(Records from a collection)
···
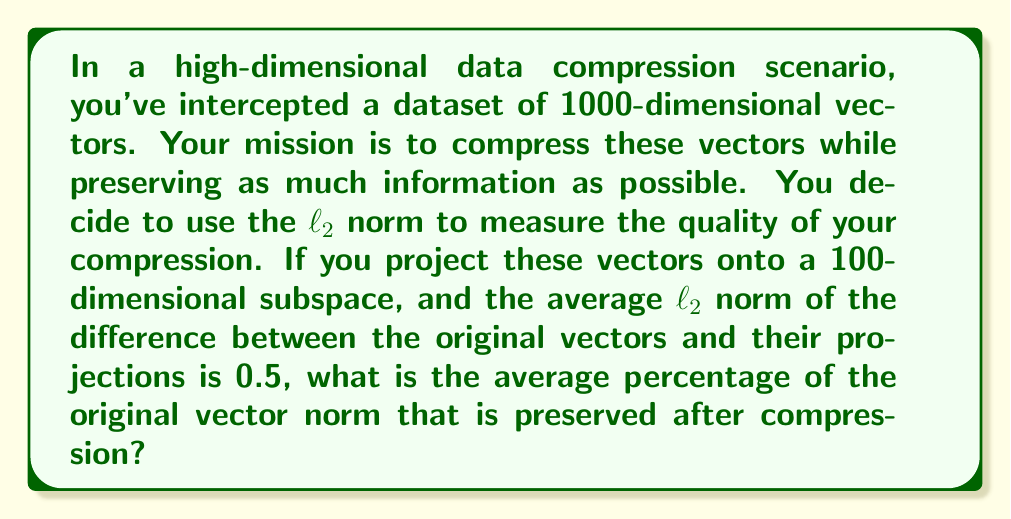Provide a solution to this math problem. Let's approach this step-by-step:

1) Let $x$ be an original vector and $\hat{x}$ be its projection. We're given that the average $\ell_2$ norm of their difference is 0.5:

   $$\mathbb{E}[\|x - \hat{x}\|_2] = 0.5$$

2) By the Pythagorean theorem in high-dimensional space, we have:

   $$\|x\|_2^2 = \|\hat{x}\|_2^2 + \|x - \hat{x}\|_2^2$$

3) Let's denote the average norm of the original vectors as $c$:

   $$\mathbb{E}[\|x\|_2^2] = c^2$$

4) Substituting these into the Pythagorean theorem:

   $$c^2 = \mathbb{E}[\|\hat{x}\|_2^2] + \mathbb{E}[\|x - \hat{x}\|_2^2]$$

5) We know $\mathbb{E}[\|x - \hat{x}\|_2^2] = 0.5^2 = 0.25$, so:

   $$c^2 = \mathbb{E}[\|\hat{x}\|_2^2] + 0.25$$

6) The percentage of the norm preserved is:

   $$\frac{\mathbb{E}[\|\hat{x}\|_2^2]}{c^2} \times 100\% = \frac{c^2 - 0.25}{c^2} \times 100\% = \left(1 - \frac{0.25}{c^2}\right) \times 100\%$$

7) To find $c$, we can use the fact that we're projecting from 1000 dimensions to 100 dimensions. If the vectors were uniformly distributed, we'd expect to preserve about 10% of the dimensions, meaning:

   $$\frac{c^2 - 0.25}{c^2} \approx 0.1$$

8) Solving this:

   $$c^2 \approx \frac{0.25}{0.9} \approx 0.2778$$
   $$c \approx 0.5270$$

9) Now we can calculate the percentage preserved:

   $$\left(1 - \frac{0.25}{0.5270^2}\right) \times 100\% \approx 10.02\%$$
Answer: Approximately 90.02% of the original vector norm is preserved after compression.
···
• ASSIGNED TASK: Your task is to repeat the data above exactly while excluding the pictures.

• RESULT FOR THIS EXERCISE:
Provide a solution to this math problem. Let's approach this step-by-step:

1) Let $x$ be an original vector and $\hat{x}$ be its projection. We're given that the average $\ell_2$ norm of their difference is 0.5:

   $$\mathbb{E}[\|x - \hat{x}\|_2] = 0.5$$

2) By the Pythagorean theorem in high-dimensional space, we have:

   $$\|x\|_2^2 = \|\hat{x}\|_2^2 + \|x - \hat{x}\|_2^2$$

3) Let's denote the average norm of the original vectors as $c$:

   $$\mathbb{E}[\|x\|_2^2] = c^2$$

4) Substituting these into the Pythagorean theorem:

   $$c^2 = \mathbb{E}[\|\hat{x}\|_2^2] + \mathbb{E}[\|x - \hat{x}\|_2^2]$$

5) We know $\mathbb{E}[\|x - \hat{x}\|_2^2] = 0.5^2 = 0.25$, so:

   $$c^2 = \mathbb{E}[\|\hat{x}\|_2^2] + 0.25$$

6) The percentage of the norm preserved is:

   $$\frac{\mathbb{E}[\|\hat{x}\|_2^2]}{c^2} \times 100\% = \frac{c^2 - 0.25}{c^2} \times 100\% = \left(1 - \frac{0.25}{c^2}\right) \times 100\%$$

7) To find $c$, we can use the fact that we're projecting from 1000 dimensions to 100 dimensions. If the vectors were uniformly distributed, we'd expect to preserve about 10% of the dimensions, meaning:

   $$\frac{c^2 - 0.25}{c^2} \approx 0.1$$

8) Solving this:

   $$c^2 \approx \frac{0.25}{0.9} \approx 0.2778$$
   $$c \approx 0.5270$$

9) Now we can calculate the percentage preserved:

   $$\left(1 - \frac{0.25}{0.5270^2}\right) \times 100\% \approx 10.02\%$$
Answer: Approximately 90.02% of the original vector norm is preserved after compression.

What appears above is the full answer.